RAW DATA below:

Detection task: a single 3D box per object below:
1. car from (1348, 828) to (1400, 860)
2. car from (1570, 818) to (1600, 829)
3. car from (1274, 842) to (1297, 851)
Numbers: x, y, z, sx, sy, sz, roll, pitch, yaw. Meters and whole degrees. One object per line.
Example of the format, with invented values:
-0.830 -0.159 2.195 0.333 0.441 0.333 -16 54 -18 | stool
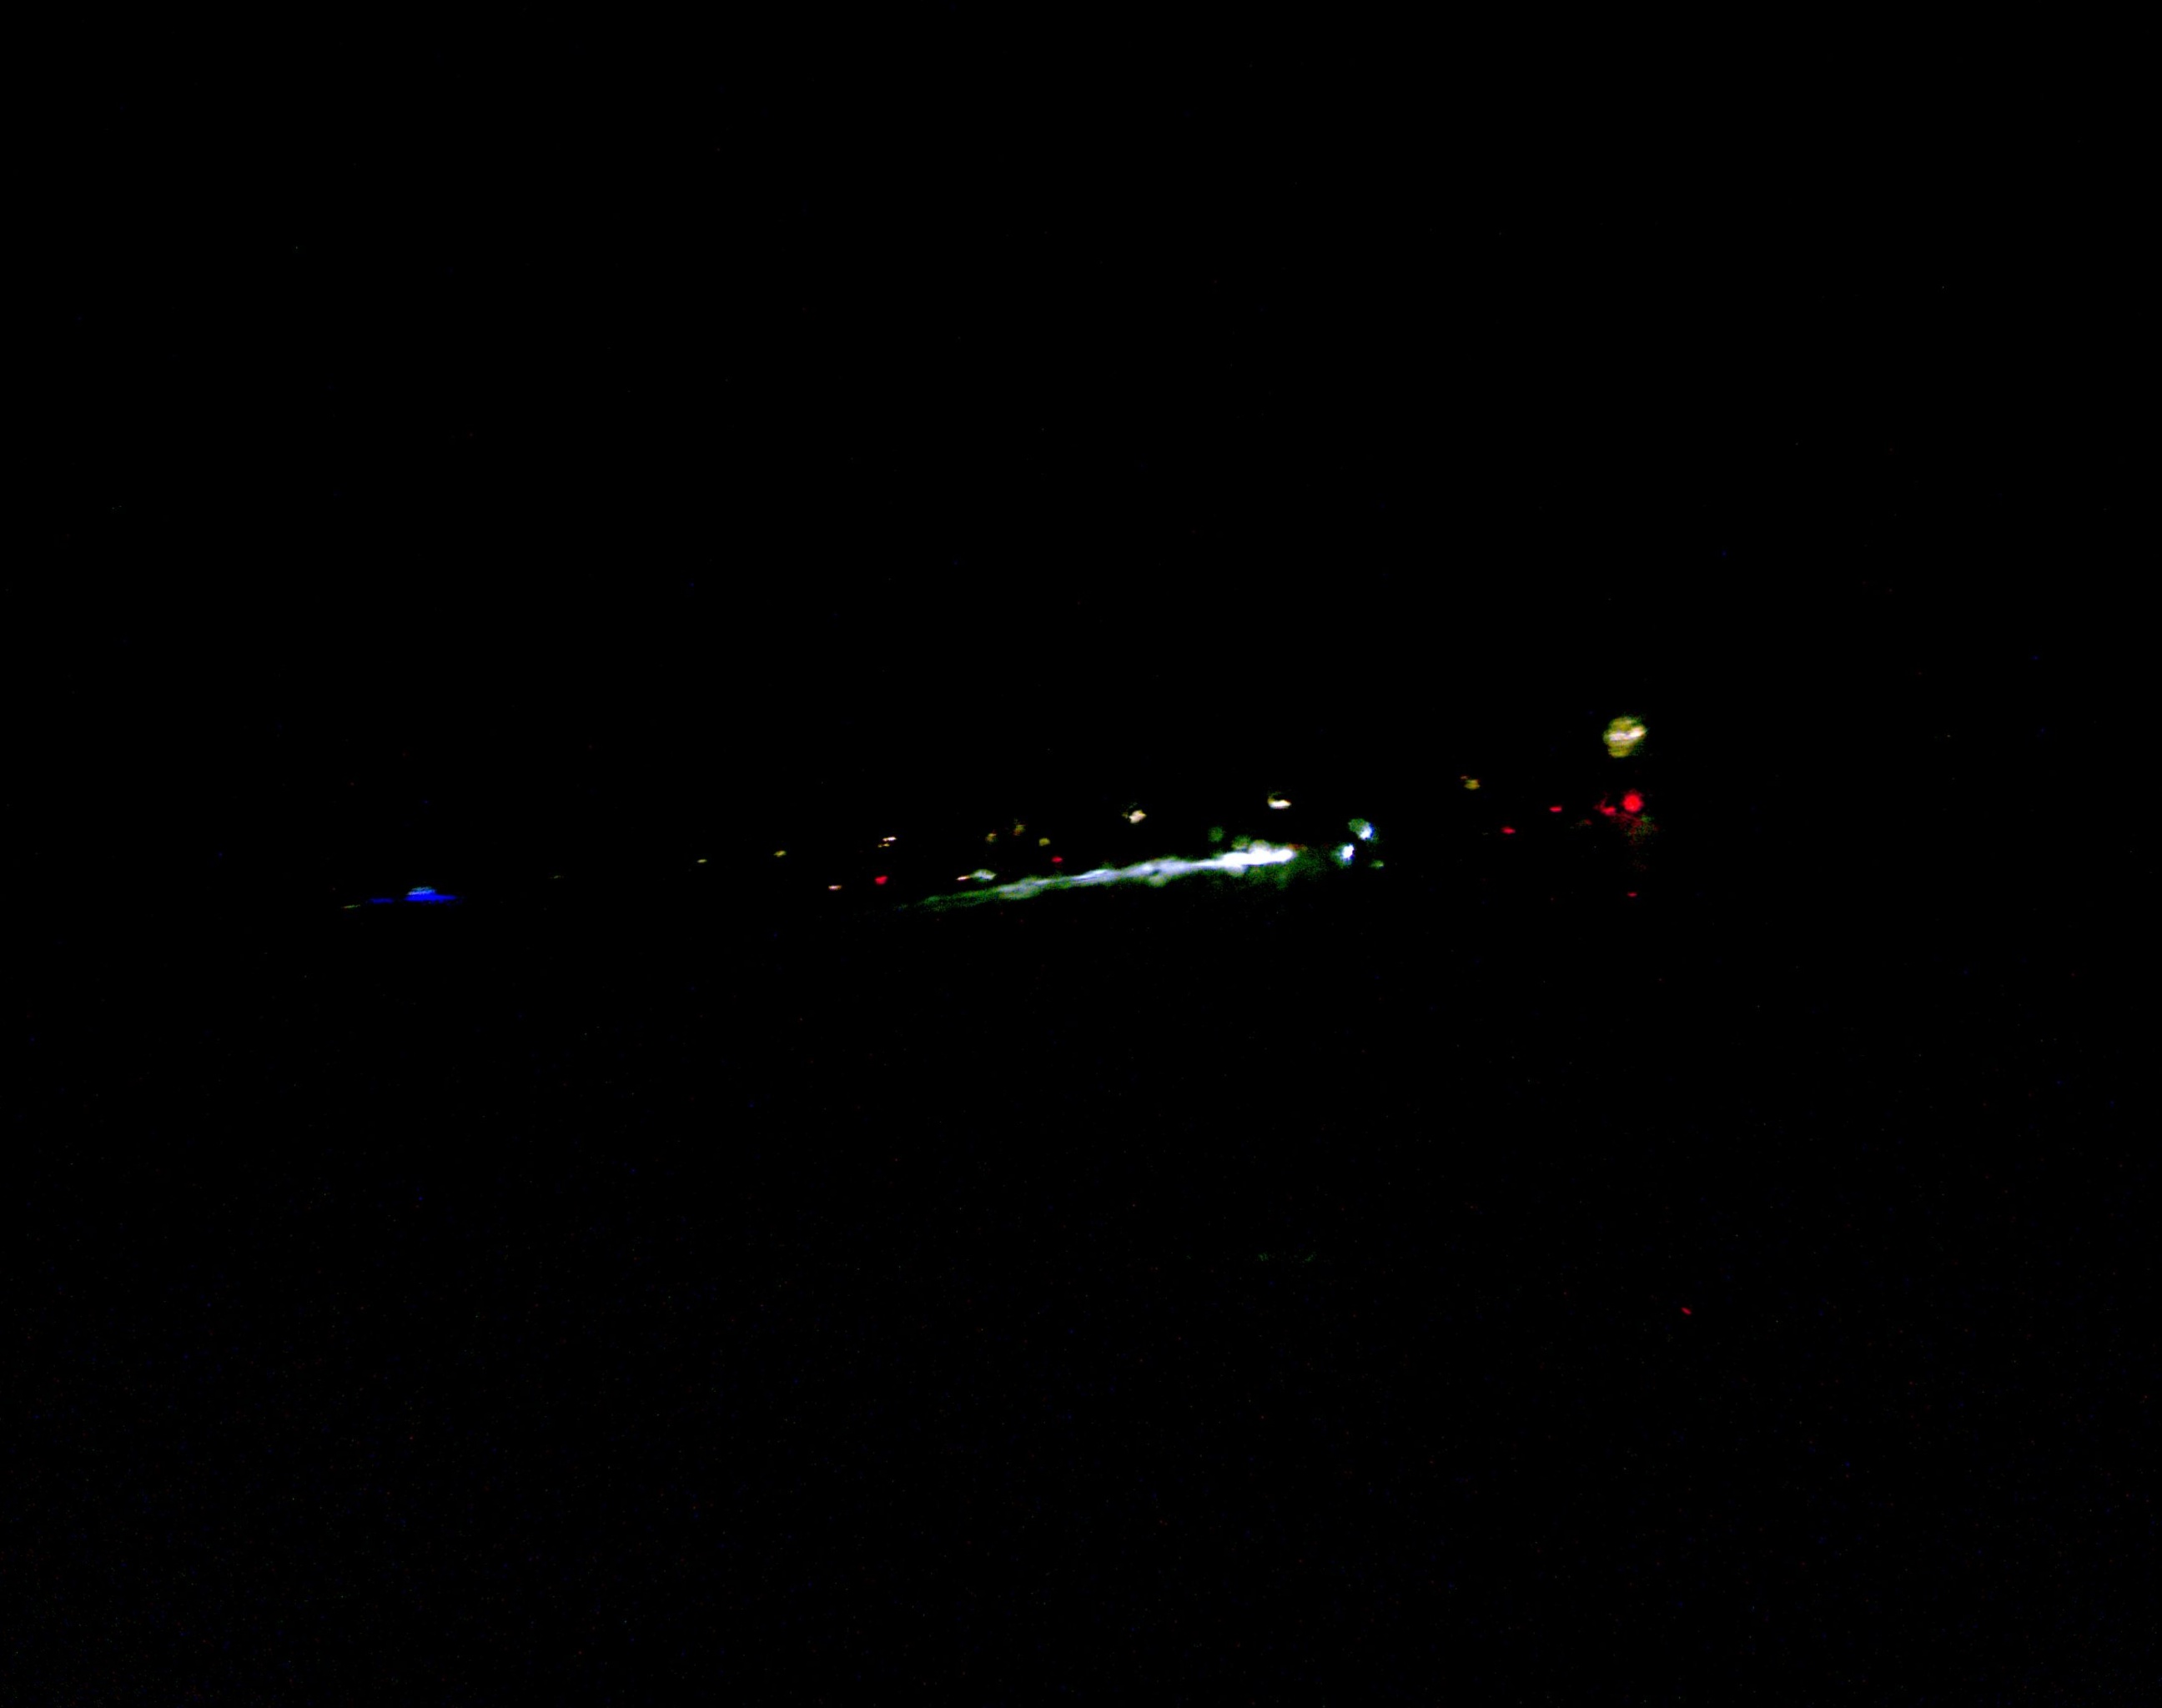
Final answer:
18.403 -0.668 47.687 1.995 1.737 4.107 -4 0 35 | car
87.480 -5.223 132.023 3.992 1.432 1.721 -5 -2 20 | car
38.950 -1.485 144.901 3.992 1.432 1.721 -4 -1 18 | car

End of RAW DATA.

From the data above, output exactly the lines between the one containing "Example of the" and the one containing "-0.830 -0.159 2.195", counting both of them.

Example of the format, with invented values:
-0.830 -0.159 2.195 0.333 0.441 0.333 -16 54 -18 | stool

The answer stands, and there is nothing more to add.